Charles Dunst is an associate at LSE IDEAS, the London School of Economics’s foreign policy think tank.

On May 13, the Chinese Embassy in Brasilia wrote to Brazil’s congress, recommending the body’s silence on the reelection of Taiwanese President Tsai Ing-wen — essentially demanding adherence to the “One China” policy. But later that month, a Brazilian congressman leaked the letter on Twitter, rebuking what he called an “affront” and congratulating Tsai on her victory. Brazilian netizens responded angrily, starting a “VivaTaiwan” campaign on social media and accusing the Chinese Communist Party of infringing on their country’s sovereignty.

This episode may come as a surprise to many, given that China has for years promised noninterference in its partners’ affairs. Yet, as the CCP’s overstepping in Brazil confirms, the era of Chinese nonintervention is now over.

Since 1955, China had predicated its foreign policy on the principles of noninterference, which Premier Zhou Enlai detailed at the Bandung Conference. Beijing never completely abided by these principles, but successive leaders largely adhered to them. China, for instance, largely stayed out of the conflict in Syria that consumed many world powers. And for years, it played “the role of spoiler” at the U.N. Security Council by opposing or abstaining from the body’s efforts to sanction autocratic governments in countries such as Zimbabwe, Yemen and Syria. This noninterference won over strongman leaders who tired of the human rights-related “strings” that the West regularly attaches to aid.

But Chinese President Xi Jinping has jettisoned his predecessor Hu Jintao’s prescription that China hide its strength, bide its time and never take the lead. Instead, through the Belt and Road Initiative, Xi’s China has invested heavily and become enmeshed within the politics of countries across the globe. More than 60 countries — from Cambodia to Angola to Pakistan to Hungary — have signed onto Belt and Road projects or expressed interest in doing so. This allows China to wield substantial influence in these states’ politics.

With this expansion has come the death of Chinese nonintervention.

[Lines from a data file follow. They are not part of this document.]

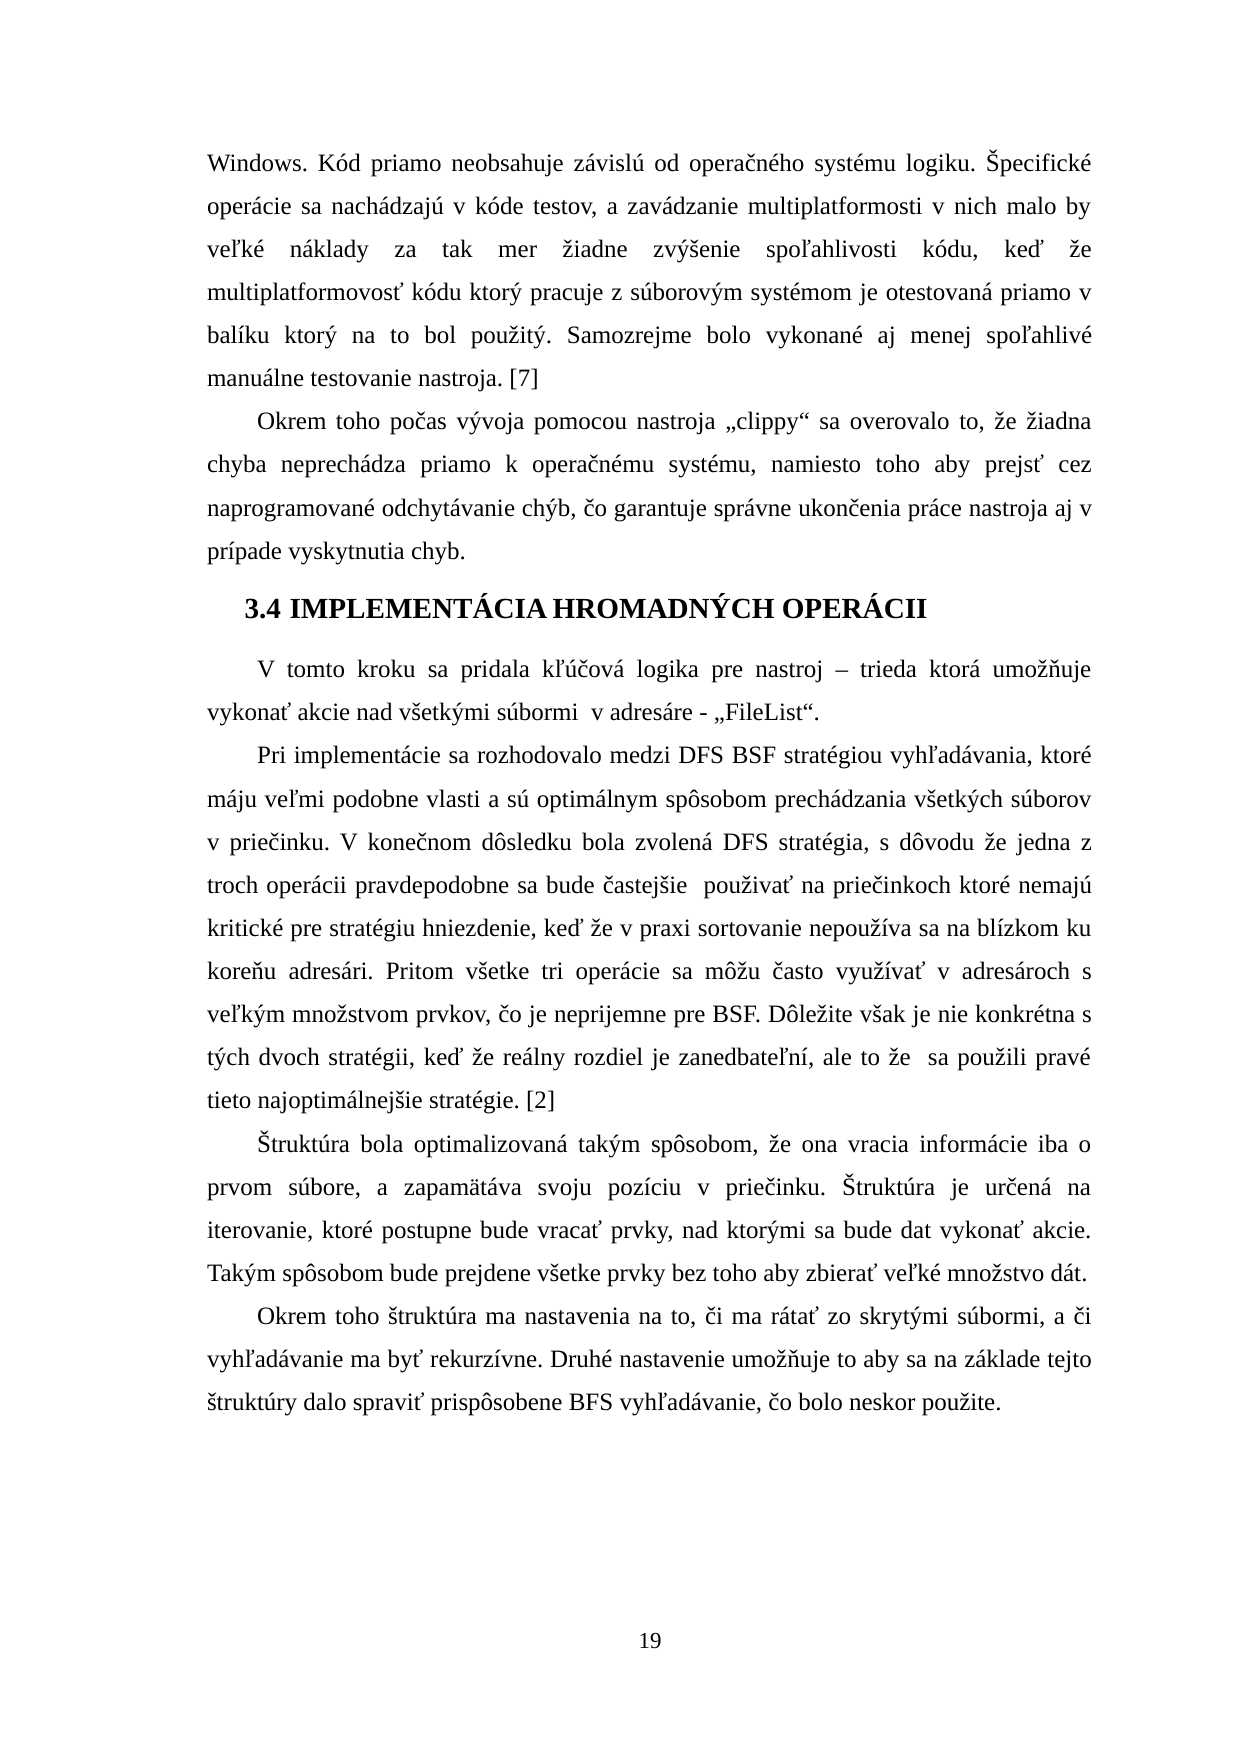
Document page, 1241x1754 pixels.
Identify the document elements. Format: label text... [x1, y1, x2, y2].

text Okrem toho počas vývoja pomocou nastroja „clippy“ sa overovalo to, že žiadna chyba neprechádza priamo k operačnému systému, namiesto toho aby prejsť cez naprogramované odchytávanie chýb, čo garantuje správne ukončenia práce nastroja aj v prípade vyskytnutia chyb. [207, 406, 1092, 564]
text Štruktúra bola optimalizovaná takým spôsobom, že ona vracia informácie iba o prvom súbore, a zapamätáva svoju pozíciu v priečinku. Štruktúra je určená na iterovanie, ktoré postupne bude vracať prvky, nad ktorými sa bude dat vykonať akcie. Takým spôsobom bude prejdene všetke prvky bez toho aby zbierať veľké množstvo dát. [207, 1129, 1092, 1287]
subtitle Implementácia hromadných operácii [244, 591, 1092, 625]
text V tomto kroku sa pridala kľúčová logika pre nastroj – trieda ktorá umožňuje vykonať akcie nad všetkými súbormi v adresáre - „FileList“. [207, 654, 1092, 726]
text Okrem toho štruktúra ma nastavenia na to, či ma rátať zo skrytými súbormi, a či vyhľadávanie ma byť rekurzívne. Druhé nastavenie umožňuje to aby sa na základe tejto štruktúry dalo spraviť prispôsobene BFS vyhľadávanie, čo bolo neskor použite. [207, 1301, 1092, 1416]
text Pri implementácie sa rozhodovalo medzi DFS BSF stratégiou vyhľadávania, ktoré máju veľmi podobne vlasti a sú optimálnym spôsobom prechádzania všetkých súborov v priečinku. V konečnom dôsledku bola zvolená DFS stratégia, s dôvodu že jedna z troch operácii pravdepodobne sa bude častejšie použivať na priečinkoch ktoré nemajú kritické pre stratégiu hniezdenie, keď že v praxi sortovanie nepoužíva sa na blízkom ku koreňu adresári. Pritom všetke tri operácie sa môžu často využívať v adresároch s veľkým množstvom prvkov, čo je neprijemne pre BSF. Dôležite však je nie konkrétna s tých dvoch stratégii, keď že reálny rozdiel je zanedbateľní, ale to že sa použili pravé tieto najoptimálnejšie stratégie. [2] [207, 741, 1092, 1114]
text Windows. Kód priamo neobsahuje závislú od operačného systému logiku. Špecifické operácie sa nachádzajú v kóde testov, a zavádzanie multiplatformosti v nich malo by veľké náklady za tak mer žiadne zvýšenie spoľahlivosti kódu, keď že multiplatformovosť kódu ktorý pracuje z súborovým systémom je otestovaná priamo v balíku ktorý na to bol použitý. Samozrejme bolo vykonané aj menej spoľahlivé manuálne testovanie nastroja. [7] [207, 148, 1092, 392]
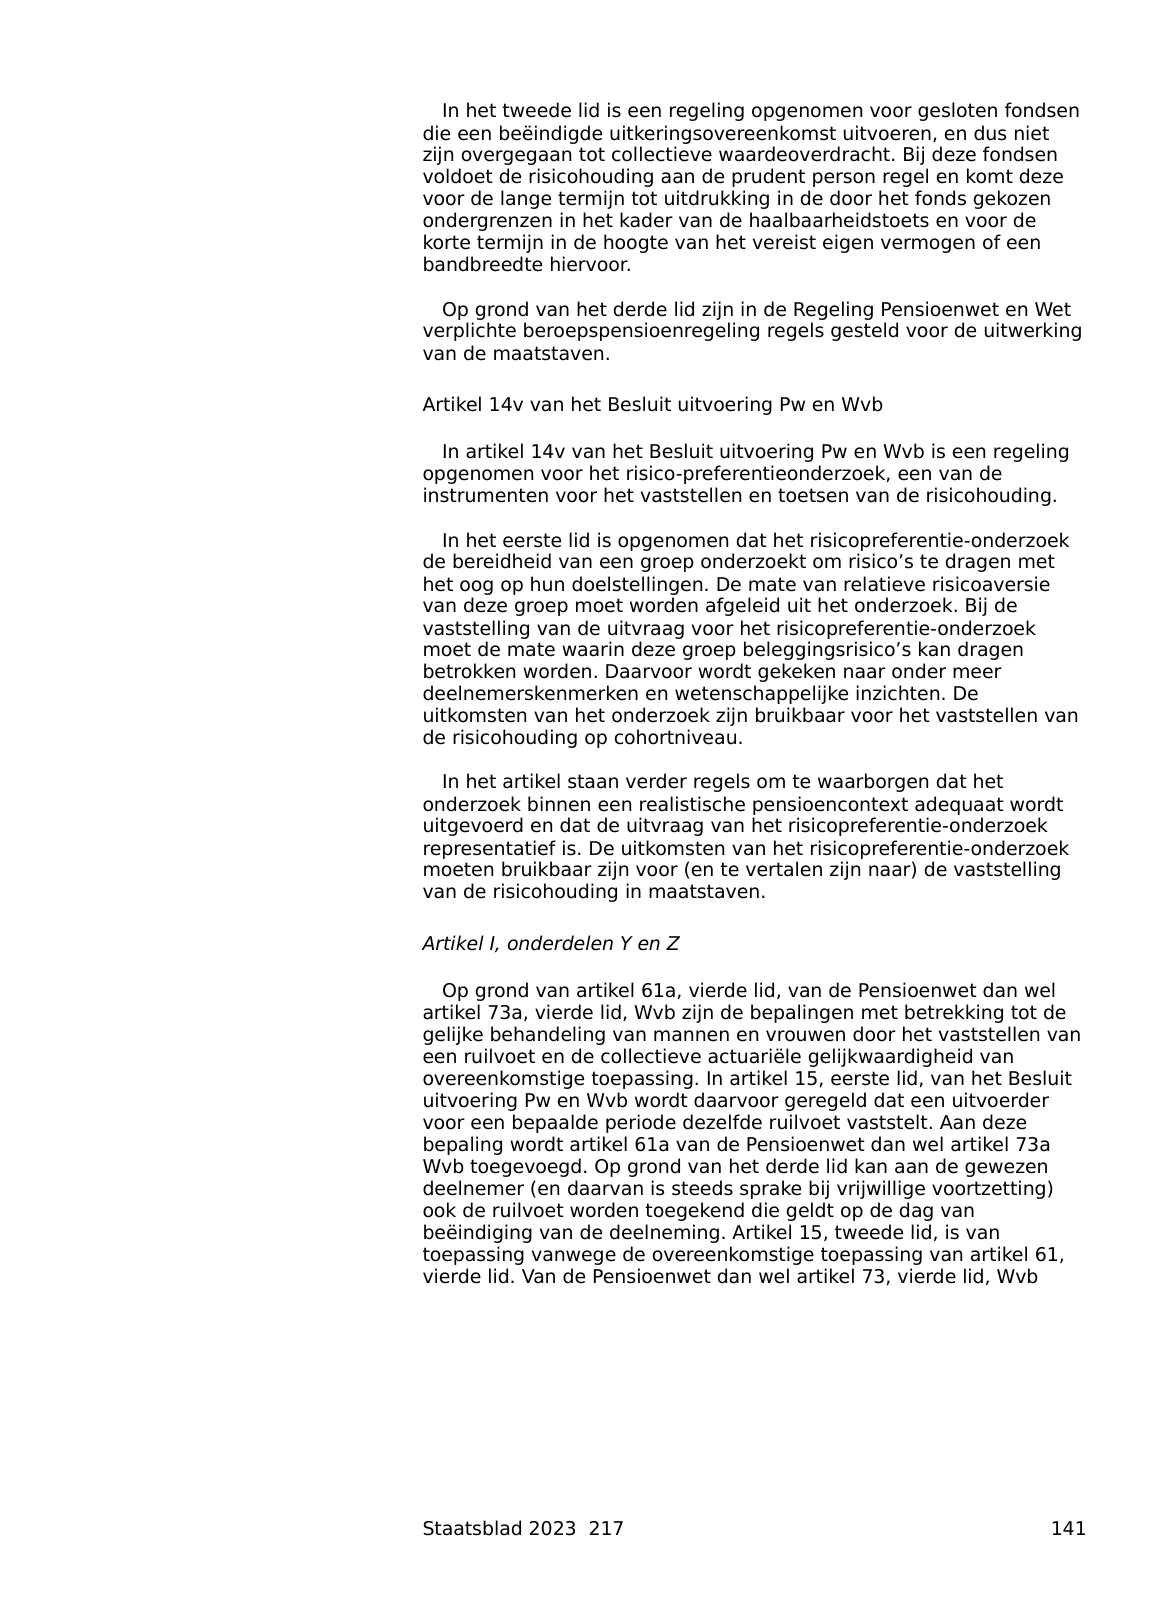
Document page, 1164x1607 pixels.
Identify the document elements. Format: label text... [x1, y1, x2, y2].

text In het eerste lid is opgenomen dat het risicopreferentie-onderzoek de bereidheid van een groep onderzoekt om risico’s te dragen met het oog op hun doelstellingen. De mate van relatieve risicoaversie van deze groep moet worden afgeleid uit het onderzoek. Bij de vaststelling van de uitvraag voor het risicopreferentie-onderzoek moet de mate waarin deze groep beleggingsrisico’s kan dragen betrokken worden. Daarvoor wordt gekeken naar onder meer deelnemerskenmerken en wetenschappelijke inzichten. De uitkomsten van het onderzoek zijn bruikbaar voor het vaststellen van de risicohouding op cohortniveau. [422, 529, 1087, 749]
subtitle Artikel 14v van het Besluit uitvoering Pw en Wvb [422, 394, 1087, 416]
text Op grond van het derde lid zijn in de Regeling Pensioenwet en Wet verplichte beroepspensioenregeling regels gesteld voor de uitwerking van de maatstaven. [422, 298, 1087, 364]
text In het tweede lid is een regeling opgenomen voor gesloten fondsen die een beëindigde uitkeringsovereenkomst uitvoeren, en dus niet zijn overgegaan tot collectieve waardeoverdracht. Bij deze fondsen voldoet de risicohouding aan de prudent person regel en komt deze voor de lange termijn tot uitdrukking in de door het fonds gekozen ondergrenzen in het kader van de haalbaarheidstoets en voor de korte termijn in de hoogte van het vereist eigen vermogen of een bandbreedte hiervoor. [422, 100, 1087, 276]
text Op grond van artikel 61a, vierde lid, van de Pensioenwet dan wel artikel 73a, vierde lid, Wvb zijn de bepalingen met betrekking tot de gelijke behandeling van mannen en vrouwen door het vaststellen van een ruilvoet en de collectieve actuariële gelijkwaardigheid van overeenkomstige toepassing. In artikel 15, eerste lid, van het Besluit uitvoering Pw en Wvb wordt daarvoor geregeld dat een uitvoerder voor een bepaalde periode dezelfde ruilvoet vaststelt. Aan deze bepaling wordt artikel 61a van de Pensioenwet dan wel artikel 73a Wvb toegevoegd. Op grond van het derde lid kan aan de gewezen deelnemer (en daarvan is steeds sprake bij vrijwillige voortzetting) ook de ruilvoet worden toegekend die geldt op de dag van beëindiging van de deelneming. Artikel 15, tweede lid, is van toepassing vanwege de overeenkomstige toepassing van artikel 61, vierde lid. Van de Pensioenwet dan wel artikel 73, vierde lid, Wvb [422, 980, 1087, 1288]
text In het artikel staan verder regels om te waarborgen dat het onderzoek binnen een realistische pensioencontext adequaat wordt uitgevoerd en dat de uitvraag van het risicopreferentie-onderzoek representatief is. De uitkomsten van het risicopreferentie-onderzoek moeten bruikbaar zijn voor (en te vertalen zijn naar) de vaststelling van de risicohouding in maatstaven. [422, 771, 1087, 903]
text In artikel 14v van het Besluit uitvoering Pw en Wvb is een regeling opgenomen voor het risico-preferentieonderzoek, een van de instrumenten voor het vaststellen en toetsen van de risicohouding. [422, 441, 1087, 507]
subtitle Artikel I, onderdelen Y en Z [422, 933, 1087, 955]

China, for example, adopted a surprisingly “hands-on approach” to the 2014 conflict in South Sudan to secure its access to that country’s oil, in sharp contrast with China’s relative hesitance to involve itself in the Libyan civil war in 2011, the year before Xi took the office of CCP general secretary. When Libya devolved into civil war, China struggled to evacuate the more than 35,000 Chinese working in the country and secure its economic interests. In the years since, China rectified this by expanding its military capacity in its African partner states to preemptively protect its interests amid any future turmoil.

But Chinese intervention has noticeably intensified since 2018, when the China-skeptical Mahathir Mohamad surprisingly triumphed in Malaysian elections over the China-friendly incumbent Najib Razak. Mahathir promptly traveled to China to renegotiate BRI deals agreed to by Najib, warning of “new colonialism” — a comparison that Chinese leadership vehemently rejects. Najib’s loss has clearly taught Beijing that political noninterference does not serve its interests.

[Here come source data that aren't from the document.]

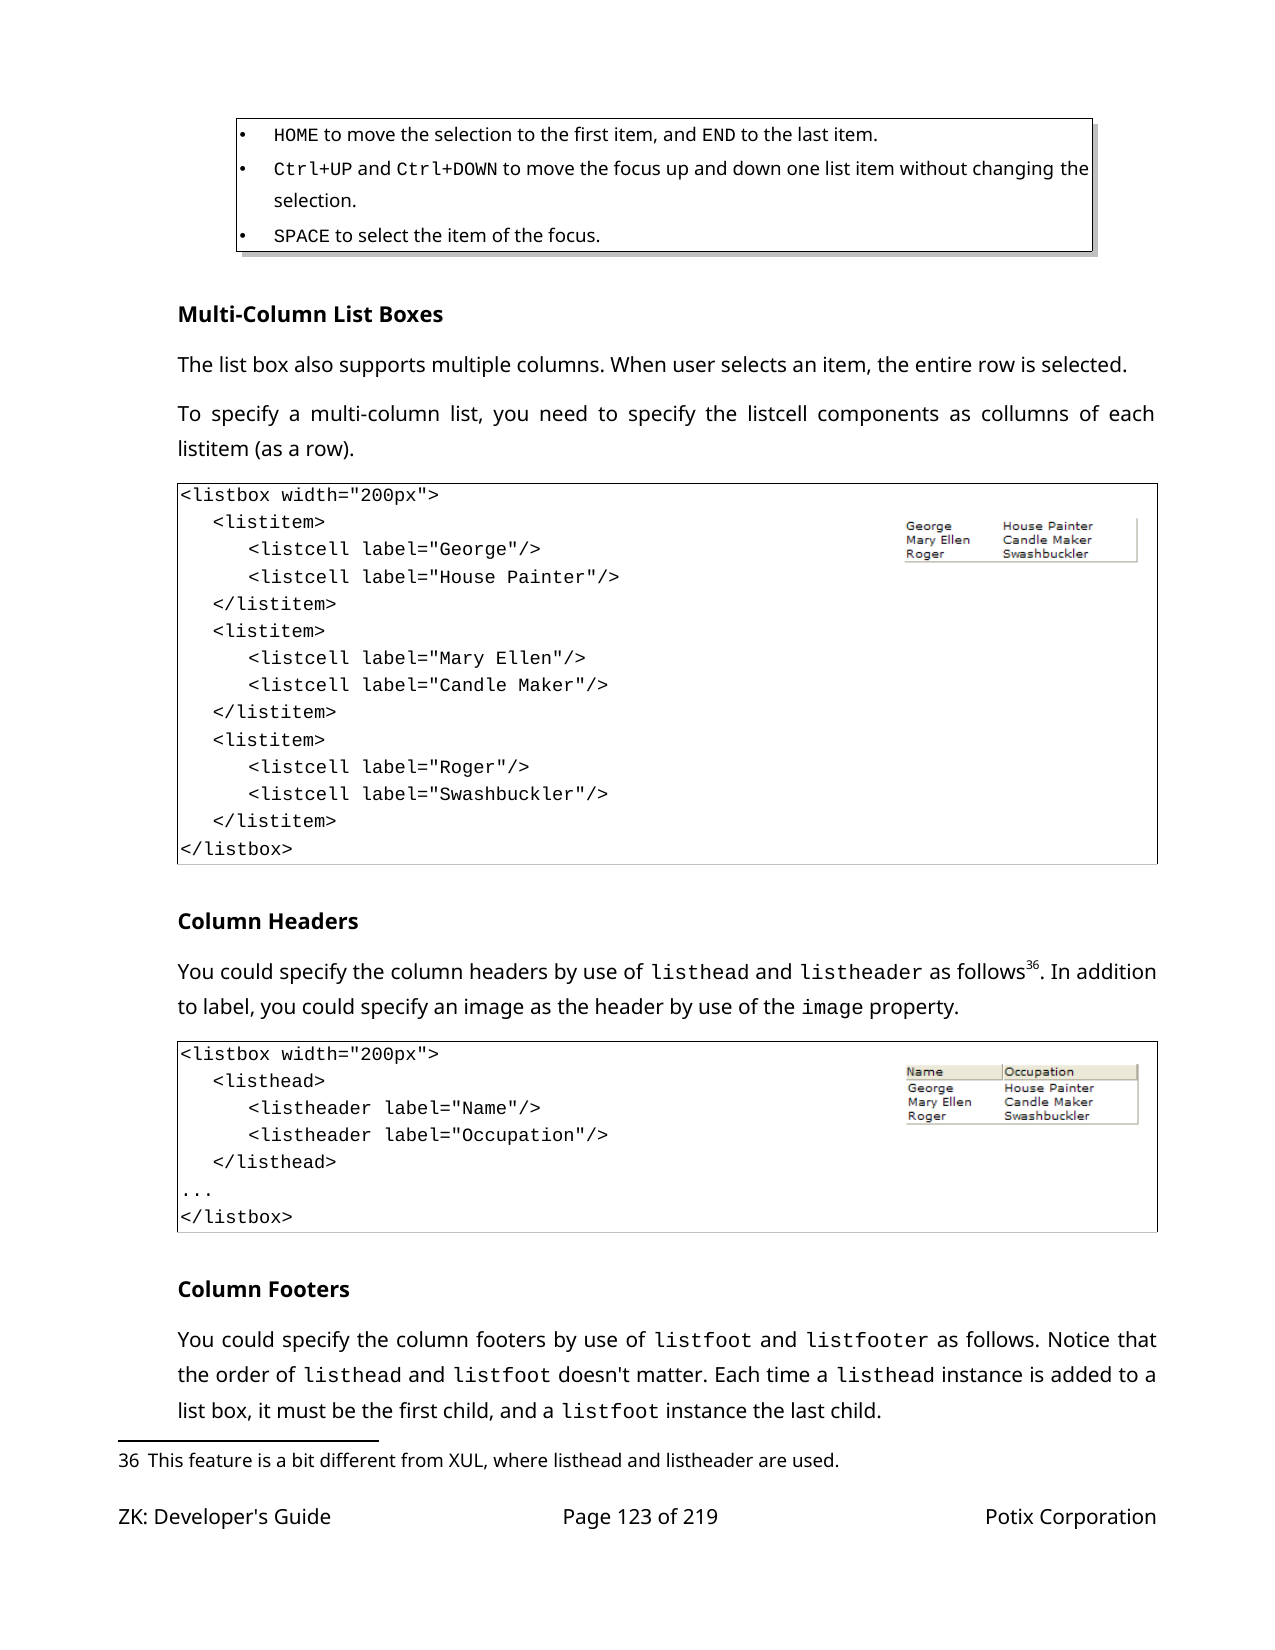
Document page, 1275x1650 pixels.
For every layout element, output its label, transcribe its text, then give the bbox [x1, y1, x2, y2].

text [1141, 1069, 1157, 1093]
text </listitem> [178, 809, 1157, 833]
subtitle Column Headers [177, 906, 1157, 936]
text </listitem> [178, 700, 1157, 725]
text <listitem> [178, 728, 1157, 752]
text </listbox> [178, 836, 1157, 864]
text To specify a multi-column list, you need to specify the listcell components as collumns of each listitem (as a row). [177, 399, 1157, 462]
text This feature is a bit different from XUL, where listhead and listheader are used. [118, 1447, 1157, 1473]
text <listhead> [178, 1069, 902, 1093]
text </listitem> [178, 592, 1157, 616]
text ... [178, 1177, 1157, 1202]
text <listcell label="Candle Maker"/> [178, 673, 1157, 697]
picture [899, 515, 1139, 566]
subtitle Column Footers [177, 1274, 1157, 1304]
text You could specify the column footers by use of listfoot and listfooter as follows. Notice that the order of listhead and listfoot doesn't matter. Each time a listhead instance is added to a list box, it must be the first child, and a listfoot instance the last child. [177, 1325, 1157, 1424]
picture [902, 1063, 1141, 1127]
text <listitem> [178, 619, 1157, 643]
text <listcell label="Mary Ellen"/> [178, 646, 1157, 670]
subtitle Multi-Column List Boxes [177, 299, 1157, 329]
text <listbox width="200px"> [178, 484, 1157, 507]
text <listheader label="Occupation"/> [178, 1123, 1157, 1147]
text <listcell label="Roger"/> [178, 755, 1157, 779]
text <listheader label="Name"/> [178, 1096, 902, 1120]
text </listhead> [178, 1150, 1157, 1174]
list Ctrl+UP and Ctrl+DOWN to move the focus up and down one list item without changing the selection. [237, 153, 1092, 213]
text <listbox width="200px"> [178, 1042, 1157, 1066]
list SPACE to select the item of the focus. [237, 219, 1092, 251]
text <listcell label="George"/> [178, 537, 899, 562]
text You could specify the column headers by use of listhead and listheader as follows. In addition to label, you could specify an image as the header by use of the image property. [177, 957, 1157, 1021]
text <listitem> [178, 510, 1157, 534]
text <listcell label="Swashbuckler"/> [178, 782, 1157, 806]
text </listbox> [178, 1204, 1157, 1232]
text <listcell label="House Painter"/> [178, 564, 1157, 589]
text The list box also supports multiple columns. When user selects an item, the entire row is selected. [177, 350, 1157, 378]
list HOME to move the selection to the first item, and END to the last item. [237, 119, 1092, 147]

Months later, the Chinese ambassador in Cambodia attended ruling party events, including one headlined by strongman leader Hun Sen, hailing Cambodia’s “excellent” diplomacy and criticizing proposed human rights-related European Union sanctions. “In the past, China kept a very low profile when it came to elections and domestic politics in Cambodia,” said Cambodian analyst Chheang Vannarith. “This time, China is being very assertive.”

And this past May, the Chinese ambassador to Nepal held meetings with senior Nepali leaders to express “concern over the ongoing power play within the ruling party.” Officials understood the meeting as Beijing’s way of demonstrating support for struggling but China-friendly Prime Minister Khadga Prasad Sharma Oli.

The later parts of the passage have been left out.